Stored items
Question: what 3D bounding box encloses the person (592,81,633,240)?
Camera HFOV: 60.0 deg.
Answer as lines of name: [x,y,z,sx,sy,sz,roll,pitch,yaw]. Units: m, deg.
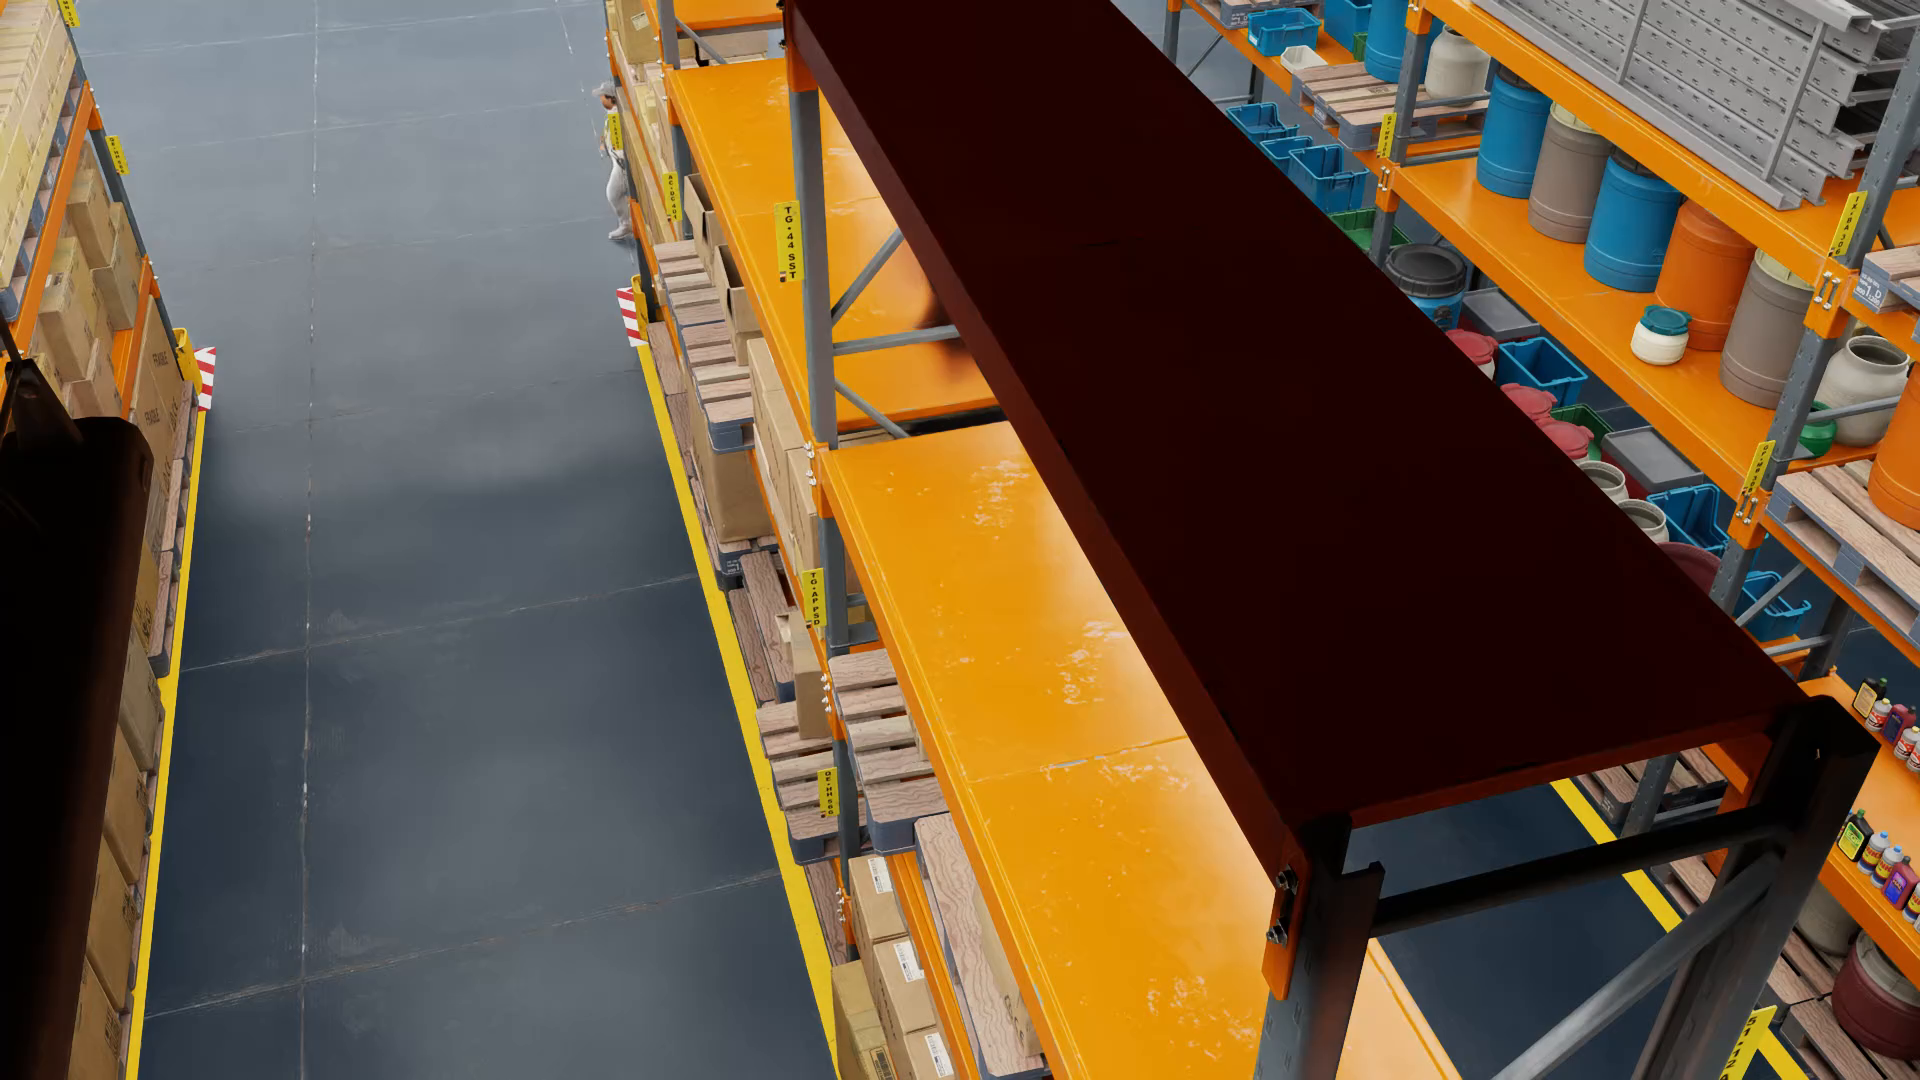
person: [-3.104,-3.671,16.143,0.813,1.632,0.572,5,39,6]
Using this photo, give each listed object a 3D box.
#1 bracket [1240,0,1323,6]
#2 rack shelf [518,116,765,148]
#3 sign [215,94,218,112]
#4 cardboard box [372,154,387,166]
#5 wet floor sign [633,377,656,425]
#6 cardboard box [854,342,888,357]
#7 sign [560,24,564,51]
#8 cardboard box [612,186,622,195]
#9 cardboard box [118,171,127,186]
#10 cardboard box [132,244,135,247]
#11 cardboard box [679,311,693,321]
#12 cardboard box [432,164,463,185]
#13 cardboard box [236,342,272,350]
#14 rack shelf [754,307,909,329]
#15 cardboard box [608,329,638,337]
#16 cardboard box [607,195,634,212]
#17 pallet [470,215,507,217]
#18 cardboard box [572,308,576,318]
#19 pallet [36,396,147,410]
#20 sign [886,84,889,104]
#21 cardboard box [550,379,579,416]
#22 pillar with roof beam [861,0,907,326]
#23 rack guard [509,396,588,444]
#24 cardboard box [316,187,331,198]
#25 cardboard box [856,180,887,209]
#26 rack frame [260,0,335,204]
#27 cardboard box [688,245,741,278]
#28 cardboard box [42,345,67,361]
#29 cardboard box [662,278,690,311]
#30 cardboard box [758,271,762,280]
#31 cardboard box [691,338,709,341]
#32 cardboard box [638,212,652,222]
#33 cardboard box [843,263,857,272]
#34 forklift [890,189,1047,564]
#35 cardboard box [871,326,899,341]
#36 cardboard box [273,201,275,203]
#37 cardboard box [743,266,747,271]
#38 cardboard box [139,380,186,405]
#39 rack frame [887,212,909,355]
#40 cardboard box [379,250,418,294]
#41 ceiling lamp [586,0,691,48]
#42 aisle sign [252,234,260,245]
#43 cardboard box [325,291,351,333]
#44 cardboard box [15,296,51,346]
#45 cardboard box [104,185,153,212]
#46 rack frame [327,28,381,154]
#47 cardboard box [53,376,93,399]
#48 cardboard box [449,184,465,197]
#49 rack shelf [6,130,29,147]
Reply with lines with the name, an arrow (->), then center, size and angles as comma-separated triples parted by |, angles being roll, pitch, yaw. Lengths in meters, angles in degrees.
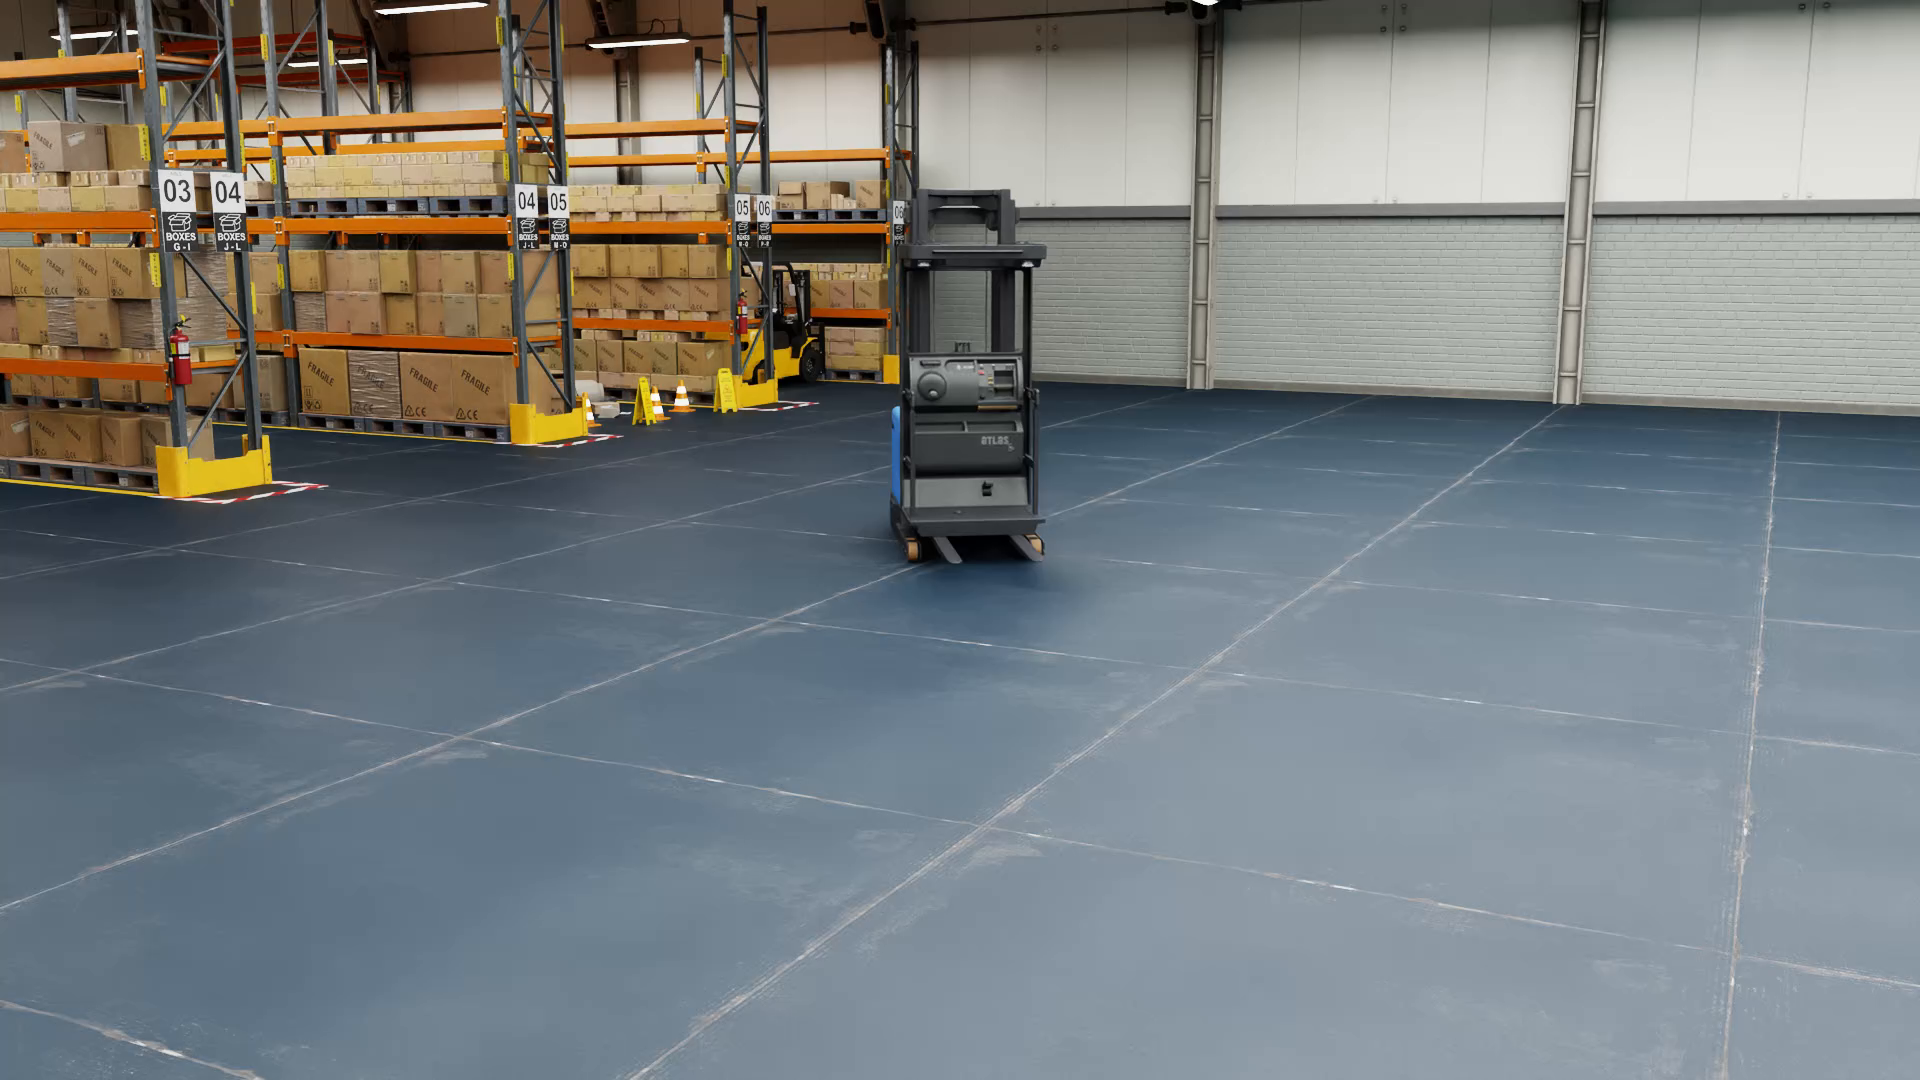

__Exercise requirements__.
The result should be every entry, word for word, and no pictures.

__Answer to the problem__.
Question: what 3D bounding box encloses the person (592,81,633,240)?
Camera HFOV: 60.0 deg.
Answer as lines of name: [x,y,z,sx,sy,sz,roll,pitch,yaw]. Units: m, deg.
person: [-3.104,-3.671,16.143,0.813,1.632,0.572,5,39,6]
Using this photo, give each listed object a 3D box.
#1 bracket [1240,0,1323,6]
#2 rack shelf [518,116,765,148]
#3 sign [215,94,218,112]
#4 cardboard box [372,154,387,166]
#5 wet floor sign [633,377,656,425]
#6 cardboard box [854,342,888,357]
#7 sign [560,24,564,51]
#8 cardboard box [612,186,622,195]
#9 cardboard box [118,171,127,186]
#10 cardboard box [132,244,135,247]
#11 cardboard box [679,311,693,321]
#12 cardboard box [432,164,463,185]
#13 cardboard box [236,342,272,350]
#14 rack shelf [754,307,909,329]
#15 cardboard box [608,329,638,337]
#16 cardboard box [607,195,634,212]
#17 pallet [470,215,507,217]
#18 cardboard box [572,308,576,318]
#19 pallet [36,396,147,410]
#20 sign [886,84,889,104]
#21 cardboard box [550,379,579,416]
#22 pillar with roof beam [861,0,907,326]
#23 rack guard [509,396,588,444]
#24 cardboard box [316,187,331,198]
#25 cardboard box [856,180,887,209]
#26 rack frame [260,0,335,204]
#27 cardboard box [688,245,741,278]
#28 cardboard box [42,345,67,361]
#29 cardboard box [662,278,690,311]
#30 cardboard box [758,271,762,280]
#31 cardboard box [691,338,709,341]
#32 cardboard box [638,212,652,222]
#33 cardboard box [843,263,857,272]
#34 forklift [890,189,1047,564]
#35 cardboard box [871,326,899,341]
#36 cardboard box [273,201,275,203]
#37 cardboard box [743,266,747,271]
#38 cardboard box [139,380,186,405]
#39 rack frame [887,212,909,355]
#40 cardboard box [379,250,418,294]
#41 ceiling lamp [586,0,691,48]
#42 aisle sign [252,234,260,245]
#43 cardboard box [325,291,351,333]
#44 cardboard box [15,296,51,346]
#45 cardboard box [104,185,153,212]
#46 rack frame [327,28,381,154]
#47 cardboard box [53,376,93,399]
#48 cardboard box [449,184,465,197]
#49 rack shelf [6,130,29,147]
Reply with lines with the name, an arrow (->), then center, size and angles as comma-separated triples parted by |, angles being roll, pitch, yaw. Lengths in meters, angles in degrees.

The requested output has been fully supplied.